In the autoionization of water, one \(\ce{H2O}\) molecule breaks up into an \(\ce{H^{+}}\) and a \(\ce{OH^{−}}\). The chemical equation is as follows:
\(\ce{H2O}\) <=> \(\ce{H^{+}}\) + \(\ce{OH^{−}}\)
This occurs only to a very small degree: only about 6 in 108 \(\ce{H2O}\) molecules are participating in this process.
At this level, the concentration of both \(\ce{H^{+}(aq)}\) and \(\ce{OH^{−}(aq)}\) in a sample of pure \(\ce{H2O}\) is about \(1.0 \times 10^{−7}\, M\) (at room temperature). If we use square brackets—[ ]—around a dissolved species to imply the molar concentration of that species, we have
\[\color{red}{\ce{[H^{+}]}} \color{black}{ = } \color{blue}{\ce{[OH^{-}]}} \color{black} = 1.0 \times 10^{-7} \label{eq5}\]
for any sample of pure water because H2O can act as both an acid and a base. The product of these two concentrations is \(1.0\times 10^{−14}\):
\[\color{red}{\ce{[H^{+}]}} \color{black}{\times} \color{blue}{\ce{[OH^{-}]}} \color{black} = (1.0 \times 10^{-7})( 1.0 \times 10^{-7}) = 1.0 \times 10^{-14}\]
- For acids, the concentration of \(\ce{H^{+}(aq)}\) (i.e., \(\ce{[H^{+}]}\)) is greater than \(1.0 \times 10^{−7}\, M\).
- For bases the concentration of \(\ce{OH^{−}(aq)}\) (i.e., \(\ce{[OH^{−}]}\)) is greater than \(1.0 \times 10^{−7}\, M\).
However, the product of the two concentrations—\(\ce{[H^{+}][OH^{−}]}\)—is always equal to \(1.0 \times 10^{−14}\), no matter whether the aqueous solution is an acid, a base, or neutral:
\[\color{red}{\ce{[H^+]}} \color{blue}{\ce{[OH^{-}]}} \color{black} = 1.0 \times 10^{-14} \]
This value of the product of concentrations is so important for aqueous solutions that it is called the autoionization constant of water and is denoted \(K_w\):
\[K_w = \color{red}{\ce{[H^+]}} \color{blue}{\ce{[OH^{-}]}} \color{black} = 1.0 \times 10^{-14} \label{eq10}\]
This means that if you know \(\ce{[H^{+}]}\) for a solution, you can calculate what \(\ce{[OH^{−}]}\)) has to be for the product to equal \(1.0 \times 10^{−14}\); or if you know \(\ce{[OH^{−}]}\)), you can calculate \(\ce{[H^{+}]}\). This also implies that as one concentration goes up, the other must go down to compensate so that their product always equals the value of \(K_w\).

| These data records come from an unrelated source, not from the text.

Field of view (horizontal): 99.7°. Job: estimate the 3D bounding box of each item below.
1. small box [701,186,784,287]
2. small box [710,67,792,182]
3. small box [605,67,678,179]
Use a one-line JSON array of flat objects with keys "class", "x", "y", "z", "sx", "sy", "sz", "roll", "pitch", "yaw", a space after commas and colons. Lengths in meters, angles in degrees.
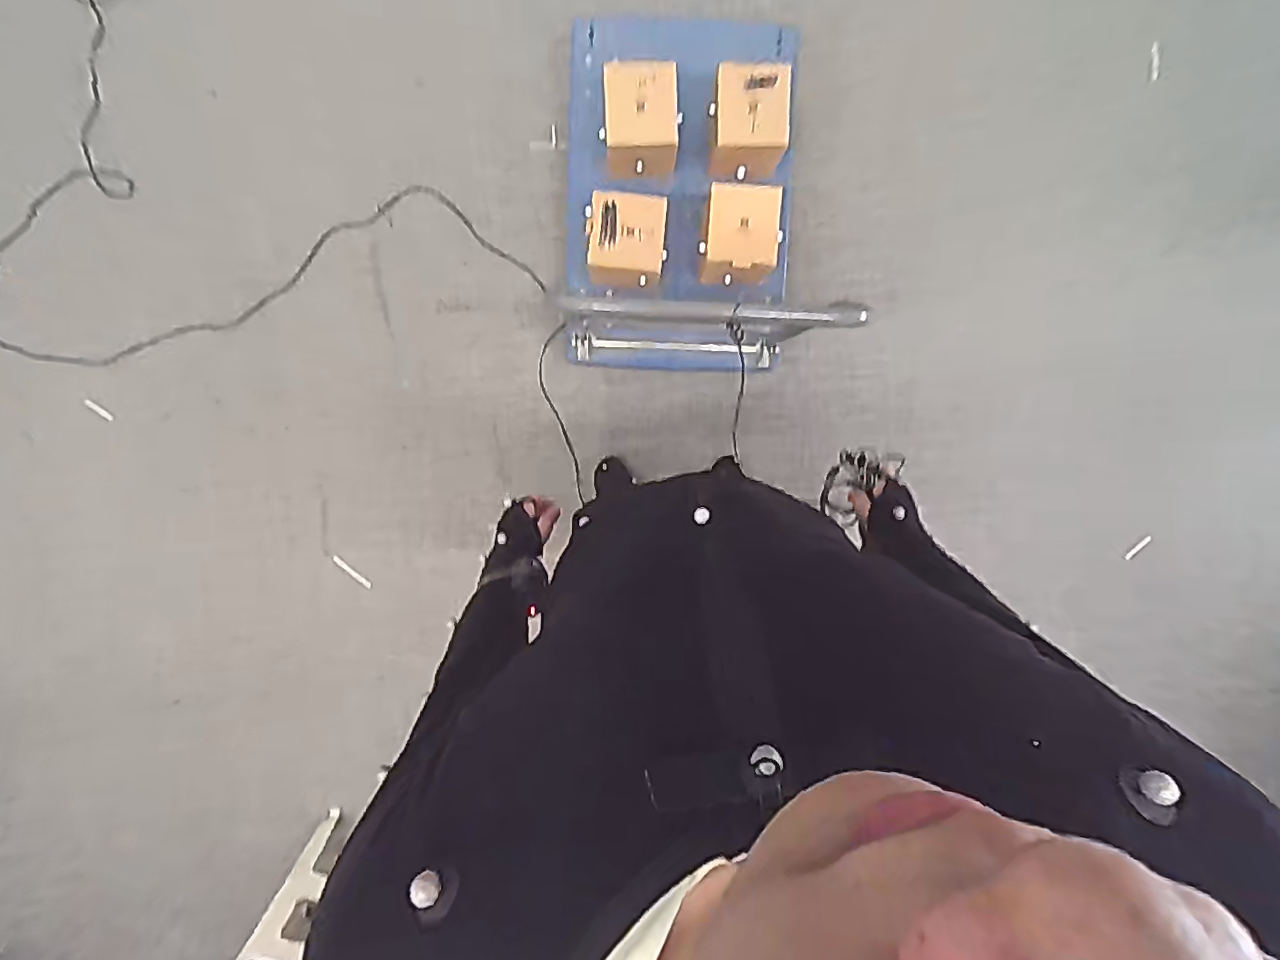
[{"class": "small box", "x": 0.244, "y": -0.591, "z": 1.328, "sx": 0.168, "sy": 0.176, "sz": 0.179, "roll": 3, "pitch": 95, "yaw": -1}, {"class": "small box", "x": 0.262, "y": -0.852, "z": 1.306, "sx": 0.168, "sy": 0.176, "sz": 0.179, "roll": 0, "pitch": 95, "yaw": 1}, {"class": "small box", "x": 0.004, "y": -0.851, "z": 1.305, "sx": 0.168, "sy": 0.176, "sz": 0.179, "roll": -2, "pitch": 94, "yaw": -1}]

Warning: Temperature Matters
The degree of autoionization of water—and hence the value of \(K_w\)—changes with temperature, so Equations \ref{eq5} - \ref{eq10} are accurate only at room temperature.
Example \(\PageIndex{1}\): Hydroxide Concentration
What is \(\ce{[OH^{−}]}\)) of an aqueous solution if \(\ce{[H^{+}]}\) is \(1.0 \times 10^{−4} M\)?
Solution
Steps for Problem Solving | |
---|---|
Identify the "given" information and what the problem is asking you to "find." |
Given: \(\ce{[H^{+}]} =1.0 \times 10^{−4}\, M\) Find: [OH−] = ? M |
List other known quantities. |
none |
Plan the problem. |
Using the expression for \(K_w\), (Equation \ref{eq10}), rearrange the equation algebraically to solve for [OH−]. \[\left [ \ce{OH^{-}} \right ]=\dfrac{1.0\times 10^{-14}}{\left [ H^+ \right ]} \nonumber\] |
Calculate. |
Now substitute the known quantities into the equation and solve. \[\left [\ce{ OH^{-}} \right ]=\dfrac{1.0\times 10^{-14}}{1.0\times 10^{-4}}=1.0\times 10^{-10}M\nonumber\] It is assumed that the concentration unit is molarity, so \(\ce{[OH^{−}]}\) is 1.0 × 10−10 M. |
Think about your result. | The concentration of the acid is high (> 1 x 10-7 M), so \(\ce{[OH^{−}]}\) should be low. |
Exercise \(\PageIndex{1}\)
What is \(\ce{[OH^{−}]}\) in a 0.00032 M solution of H2SO4?
- Hint
-
Assume both protons ionize from the molecule...although this is not the case.
- Answer
- \(3.1 \times 10^{−11}\, M\)
When you have a solution of a particular acid or base, you need to look at the formula of the acid or base to determine the number of H+ or OH− ions in the formula unit because \(\ce{[H^{+}]}\) or \(\ce{[OH^{−}]}\)) may not be the same as the concentration of the acid or base itself.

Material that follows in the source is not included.